This invention relates to an improved OTP (One-Time Programmable) memory cell and, in particular, a three-transistor OTP memory cell with improved programmability.
NVM (Nonvolatile memory) integrated circuits retain stored data even after power is removed. Such devices are found in many consumer electronics and industrial applications. A common memory cell in NVM integrated circuits is the antifuse memory cell based upon the programming of a gate dielectric layer. Such antifuse memory cells, more particularly, the one-time programmable (OTP) memory cell, are commonly used by integrated circuit designers since such cells are compatible with standard logic CMOS (Complementary Metal-Oxide-Semiconductor) process flows.
An OTP memory cell includes a dielectric layer, such as the gate oxide, in a capacitor structure. The memory cell may include one or more select devices, such as a MOSFET (Metal-Oxide-Semiconductor-Field-Effect-Transistors), or a diode, such as a gated diode, to enable selective programming, the rupturing of the dielectric layer for an electrical connection, and reading of the memory cell. Each memory cell stores a bit of information, a “1” or a “0,” depending on whether the cell has been programmed or not. A correspondence between a value of a bit and whether a cell is programmed may be defined arbitrarily. An array of such OTP memory cell includes the location of memory cells at cross points of orthogonal bit lines and word lines.

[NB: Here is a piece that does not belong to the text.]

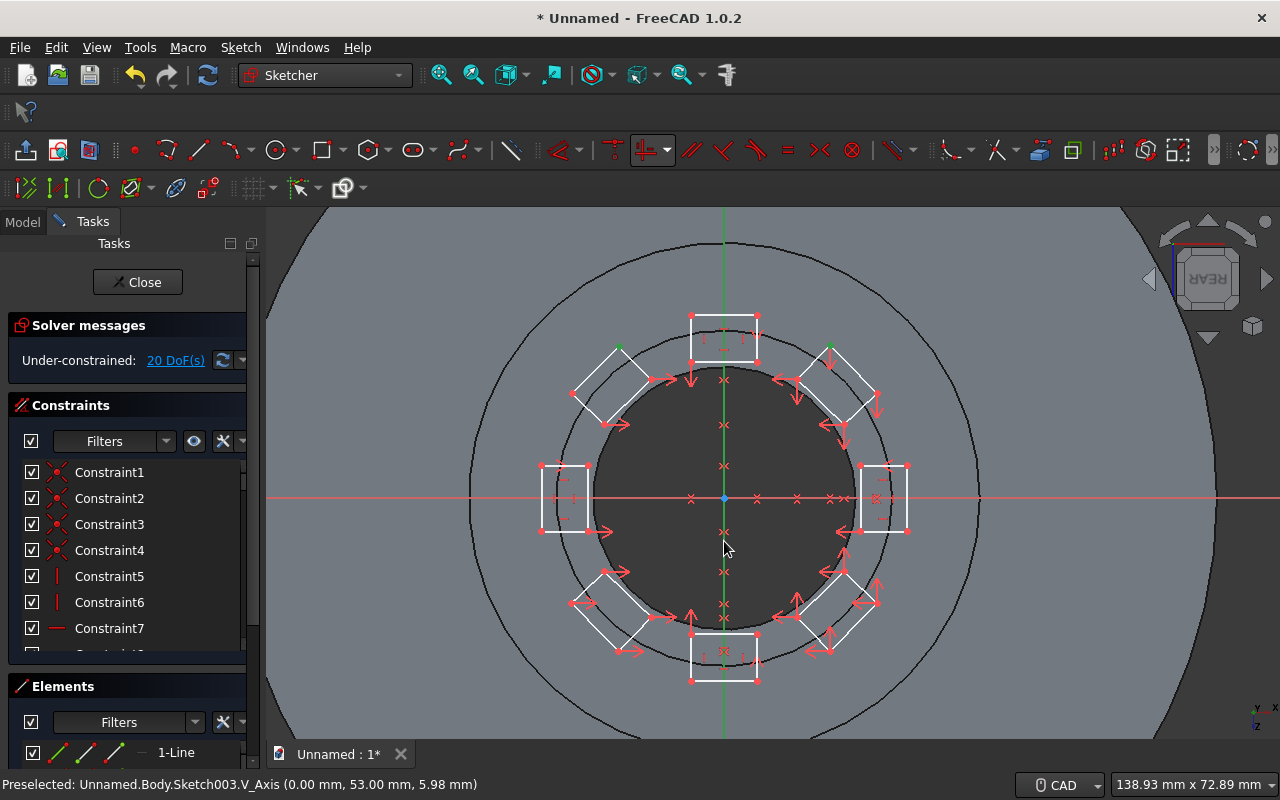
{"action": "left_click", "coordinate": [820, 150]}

Even though OTP memory cell arrays have been in use for many years, a persistent problem is the variability in the quality of the programmed connection in a memory cell. A significant portion of this variability can be attributed to layout-dependent effects on the program capacitor and the select device. That is, physical variations in the OTP memory cells adversely affect the post-programmed resistance and therefore the reading of the OTP memory cell state. A more robust antifuse OTP design is desired to improve the physical uniformity of the array memory cells and the distribution of the programmed cell read current.